-- The data follows --

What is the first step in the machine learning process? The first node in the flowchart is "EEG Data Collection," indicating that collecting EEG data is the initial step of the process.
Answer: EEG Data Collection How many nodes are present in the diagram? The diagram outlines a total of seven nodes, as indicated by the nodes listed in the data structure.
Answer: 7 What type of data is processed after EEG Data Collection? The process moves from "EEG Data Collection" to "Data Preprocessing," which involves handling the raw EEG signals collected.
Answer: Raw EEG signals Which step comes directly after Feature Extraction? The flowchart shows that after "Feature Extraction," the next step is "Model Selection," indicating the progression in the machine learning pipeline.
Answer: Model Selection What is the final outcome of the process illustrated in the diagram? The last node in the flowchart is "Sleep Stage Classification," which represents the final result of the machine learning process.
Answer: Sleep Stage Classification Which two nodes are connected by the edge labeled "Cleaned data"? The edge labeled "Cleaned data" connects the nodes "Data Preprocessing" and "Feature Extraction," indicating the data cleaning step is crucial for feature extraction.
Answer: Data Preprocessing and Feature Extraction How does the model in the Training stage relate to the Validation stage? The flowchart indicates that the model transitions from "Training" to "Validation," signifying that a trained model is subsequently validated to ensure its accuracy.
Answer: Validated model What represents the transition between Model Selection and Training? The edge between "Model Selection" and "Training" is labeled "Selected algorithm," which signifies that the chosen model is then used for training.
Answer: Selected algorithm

-- The data concluded --
-- The data follows --

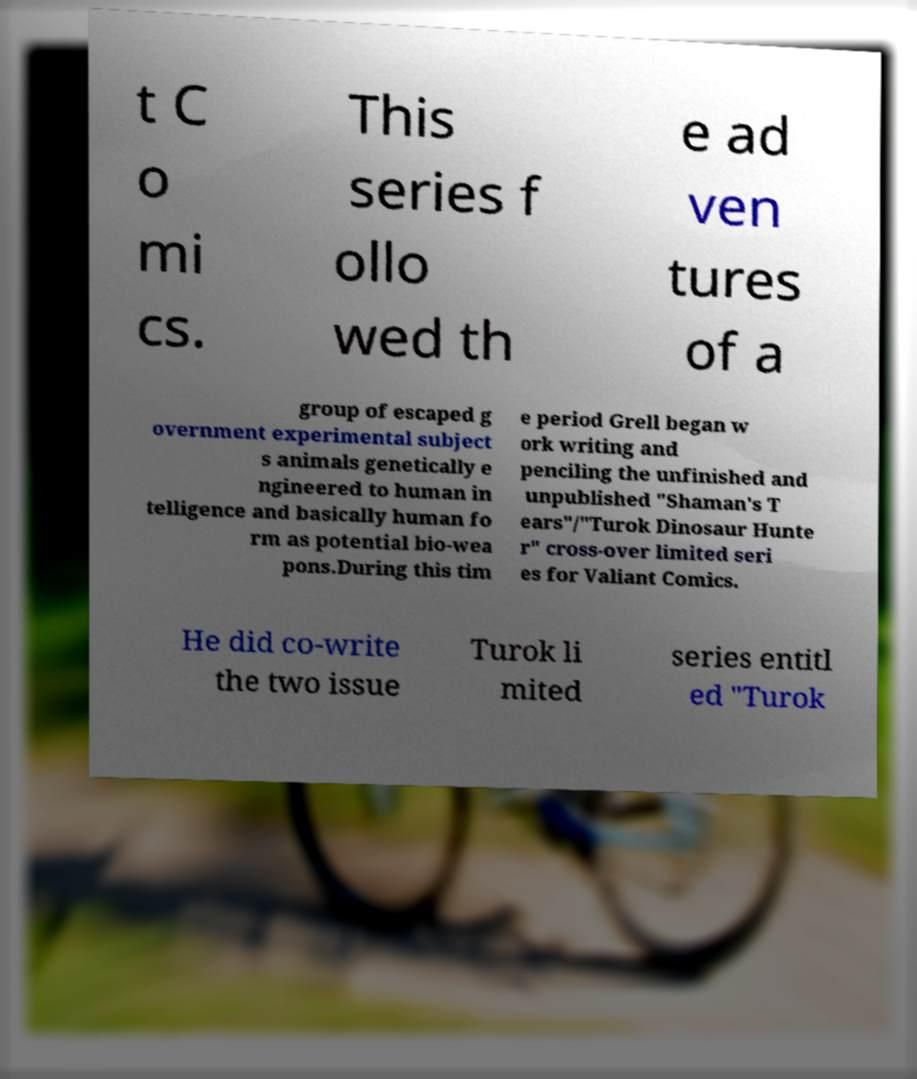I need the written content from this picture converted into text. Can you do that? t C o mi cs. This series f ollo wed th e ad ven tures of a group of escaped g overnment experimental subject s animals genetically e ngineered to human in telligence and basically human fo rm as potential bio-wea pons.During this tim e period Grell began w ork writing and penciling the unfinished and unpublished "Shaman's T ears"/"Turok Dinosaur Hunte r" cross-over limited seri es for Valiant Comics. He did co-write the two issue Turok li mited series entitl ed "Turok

-- The data concluded --
-- The data follows --

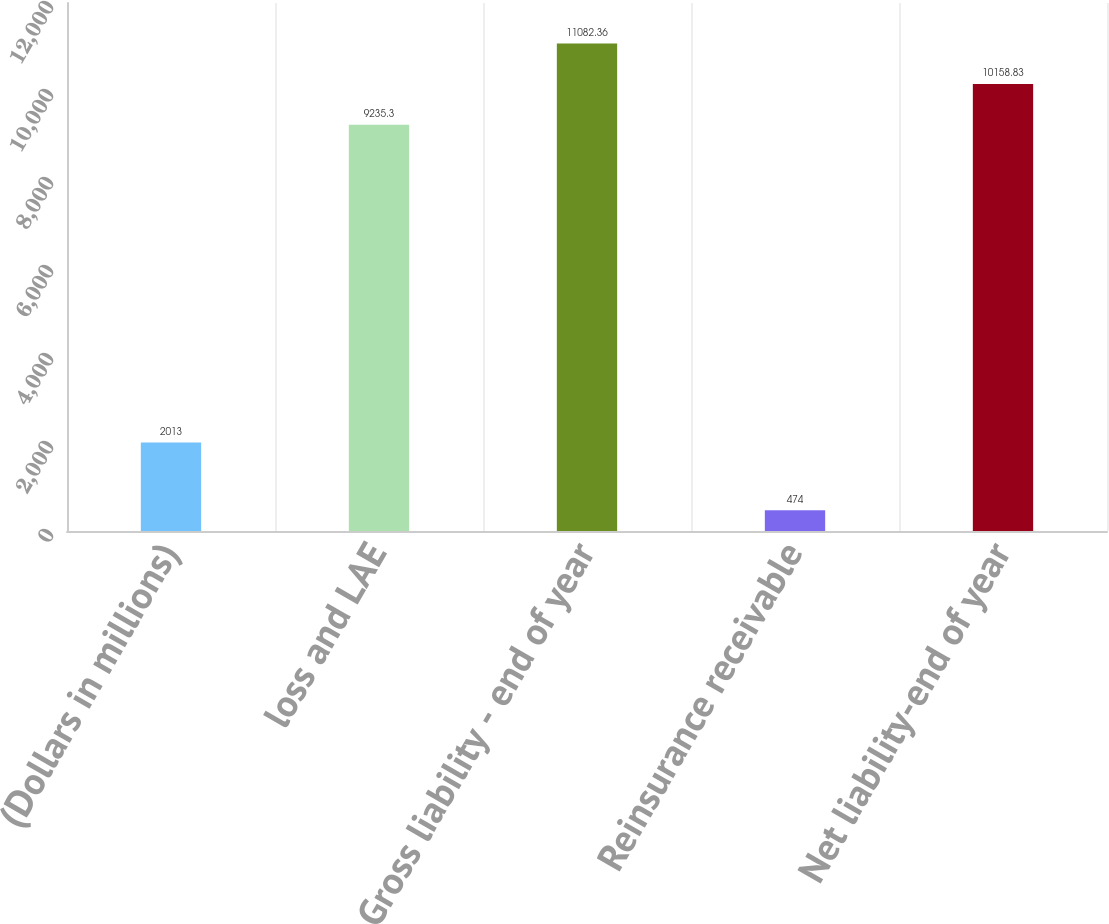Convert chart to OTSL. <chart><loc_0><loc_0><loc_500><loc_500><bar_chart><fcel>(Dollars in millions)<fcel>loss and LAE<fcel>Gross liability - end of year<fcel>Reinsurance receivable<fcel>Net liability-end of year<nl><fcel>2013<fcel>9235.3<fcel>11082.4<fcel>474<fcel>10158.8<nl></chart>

-- The data concluded --

## The problem
An exact copy of the lines above between the line holding "Answer: Sleep Stage" and the line holding "Answer: Data Preprocessing", inclusive, is the whole answer.

## Response
Answer: Sleep Stage Classification Which two nodes are connected by the edge labeled "Cleaned data"? The edge labeled "Cleaned data" connects the nodes "Data Preprocessing" and "Feature Extraction," indicating the data cleaning step is crucial for feature extraction.
Answer: Data Preprocessing and Feature Extraction How does the model in the Training stage relate to the Validation stage? The flowchart indicates that the model transitions from "Training" to "Validation," signifying that a trained model is subsequently validated to ensure its accuracy.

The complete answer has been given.